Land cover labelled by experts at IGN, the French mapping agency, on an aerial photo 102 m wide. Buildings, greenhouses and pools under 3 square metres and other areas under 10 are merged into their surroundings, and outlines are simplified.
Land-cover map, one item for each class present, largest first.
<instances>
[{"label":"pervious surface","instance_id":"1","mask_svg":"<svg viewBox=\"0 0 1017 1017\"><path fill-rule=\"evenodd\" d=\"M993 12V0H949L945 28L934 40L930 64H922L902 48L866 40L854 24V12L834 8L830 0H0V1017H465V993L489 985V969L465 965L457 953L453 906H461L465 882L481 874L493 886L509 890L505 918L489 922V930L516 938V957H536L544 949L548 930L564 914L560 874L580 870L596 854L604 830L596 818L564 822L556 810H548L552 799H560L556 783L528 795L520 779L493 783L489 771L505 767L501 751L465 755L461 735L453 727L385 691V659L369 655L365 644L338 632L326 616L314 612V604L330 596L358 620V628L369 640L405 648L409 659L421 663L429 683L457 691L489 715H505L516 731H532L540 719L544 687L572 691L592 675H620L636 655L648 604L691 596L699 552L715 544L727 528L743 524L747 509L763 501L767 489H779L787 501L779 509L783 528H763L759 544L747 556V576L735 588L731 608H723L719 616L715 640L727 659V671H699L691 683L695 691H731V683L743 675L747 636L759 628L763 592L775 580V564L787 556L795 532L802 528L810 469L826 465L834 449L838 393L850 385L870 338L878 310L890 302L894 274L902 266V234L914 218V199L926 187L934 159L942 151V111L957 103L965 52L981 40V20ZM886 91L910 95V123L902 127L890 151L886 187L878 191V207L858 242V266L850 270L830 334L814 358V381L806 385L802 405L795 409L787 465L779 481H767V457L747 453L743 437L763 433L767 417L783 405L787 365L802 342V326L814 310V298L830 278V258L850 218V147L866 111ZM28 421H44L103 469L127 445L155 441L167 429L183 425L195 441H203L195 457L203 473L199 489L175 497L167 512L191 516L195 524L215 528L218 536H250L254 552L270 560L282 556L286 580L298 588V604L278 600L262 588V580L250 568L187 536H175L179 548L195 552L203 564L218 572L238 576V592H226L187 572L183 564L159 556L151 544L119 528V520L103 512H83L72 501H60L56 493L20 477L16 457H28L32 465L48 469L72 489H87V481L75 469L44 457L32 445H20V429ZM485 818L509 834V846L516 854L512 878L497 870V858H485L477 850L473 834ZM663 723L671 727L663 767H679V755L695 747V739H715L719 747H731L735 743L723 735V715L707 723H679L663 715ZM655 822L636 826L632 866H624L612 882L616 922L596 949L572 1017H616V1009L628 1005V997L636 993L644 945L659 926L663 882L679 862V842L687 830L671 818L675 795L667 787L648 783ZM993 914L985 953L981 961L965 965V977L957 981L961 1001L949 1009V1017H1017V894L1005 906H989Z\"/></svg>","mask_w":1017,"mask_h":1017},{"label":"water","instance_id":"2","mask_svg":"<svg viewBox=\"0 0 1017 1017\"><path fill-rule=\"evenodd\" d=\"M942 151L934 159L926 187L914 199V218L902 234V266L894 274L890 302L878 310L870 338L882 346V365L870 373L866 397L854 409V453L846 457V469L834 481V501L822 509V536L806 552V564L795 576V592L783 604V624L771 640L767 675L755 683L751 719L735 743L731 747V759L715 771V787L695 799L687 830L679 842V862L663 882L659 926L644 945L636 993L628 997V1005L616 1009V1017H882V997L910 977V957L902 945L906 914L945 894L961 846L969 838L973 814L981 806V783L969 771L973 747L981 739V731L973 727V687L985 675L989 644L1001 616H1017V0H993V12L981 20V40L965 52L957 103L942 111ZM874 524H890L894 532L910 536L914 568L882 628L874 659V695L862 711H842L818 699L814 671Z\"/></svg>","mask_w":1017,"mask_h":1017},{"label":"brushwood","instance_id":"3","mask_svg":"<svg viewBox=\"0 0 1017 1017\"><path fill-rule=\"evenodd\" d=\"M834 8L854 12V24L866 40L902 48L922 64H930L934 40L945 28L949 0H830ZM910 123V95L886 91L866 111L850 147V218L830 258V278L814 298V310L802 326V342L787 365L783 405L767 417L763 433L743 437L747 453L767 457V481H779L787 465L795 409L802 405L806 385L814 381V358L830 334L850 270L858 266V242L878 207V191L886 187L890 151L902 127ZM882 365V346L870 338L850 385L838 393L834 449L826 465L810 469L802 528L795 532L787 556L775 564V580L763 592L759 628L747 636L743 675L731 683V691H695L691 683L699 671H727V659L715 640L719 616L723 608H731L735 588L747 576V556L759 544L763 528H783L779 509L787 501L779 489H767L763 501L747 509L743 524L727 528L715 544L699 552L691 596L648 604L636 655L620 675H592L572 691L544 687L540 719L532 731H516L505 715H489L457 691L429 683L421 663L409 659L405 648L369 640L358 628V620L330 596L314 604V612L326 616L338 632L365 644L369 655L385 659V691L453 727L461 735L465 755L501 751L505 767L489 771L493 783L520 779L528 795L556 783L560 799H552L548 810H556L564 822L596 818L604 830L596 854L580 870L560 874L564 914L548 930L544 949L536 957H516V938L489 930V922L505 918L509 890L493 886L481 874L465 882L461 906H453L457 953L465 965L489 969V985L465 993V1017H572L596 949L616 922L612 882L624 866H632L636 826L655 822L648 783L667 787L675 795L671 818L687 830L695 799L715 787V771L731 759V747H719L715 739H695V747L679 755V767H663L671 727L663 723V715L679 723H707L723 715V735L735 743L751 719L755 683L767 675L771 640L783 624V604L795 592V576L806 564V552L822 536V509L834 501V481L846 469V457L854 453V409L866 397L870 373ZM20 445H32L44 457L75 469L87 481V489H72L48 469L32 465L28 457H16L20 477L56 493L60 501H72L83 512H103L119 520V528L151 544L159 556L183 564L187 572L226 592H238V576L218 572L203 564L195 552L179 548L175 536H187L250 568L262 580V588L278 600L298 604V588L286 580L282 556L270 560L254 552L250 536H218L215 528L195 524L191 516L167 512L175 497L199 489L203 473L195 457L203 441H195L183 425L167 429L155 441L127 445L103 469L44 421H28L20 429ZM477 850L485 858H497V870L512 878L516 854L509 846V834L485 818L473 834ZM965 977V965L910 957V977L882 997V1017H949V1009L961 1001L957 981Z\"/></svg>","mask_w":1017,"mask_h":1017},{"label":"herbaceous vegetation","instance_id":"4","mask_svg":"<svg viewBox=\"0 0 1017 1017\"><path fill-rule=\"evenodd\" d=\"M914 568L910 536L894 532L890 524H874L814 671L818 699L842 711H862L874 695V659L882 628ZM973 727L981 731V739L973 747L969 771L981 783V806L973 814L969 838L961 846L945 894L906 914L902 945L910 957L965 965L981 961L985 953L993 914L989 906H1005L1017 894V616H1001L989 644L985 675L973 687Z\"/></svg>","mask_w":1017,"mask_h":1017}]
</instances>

__EXERCISE DESCRIPTION__
Spot every line in the entries that includes the word "cover", and copy each one out.

__ANSWER BELOW__
Land cover labelled by experts at IGN, the French mapping agency, on an aerial photo 102 m wide. Buildings, greenhouses and pools under 3 square metres and other areas under 10 are merged into their surroundings, and outlines are simplified.
Land-cover map, one item for each class present, largest first.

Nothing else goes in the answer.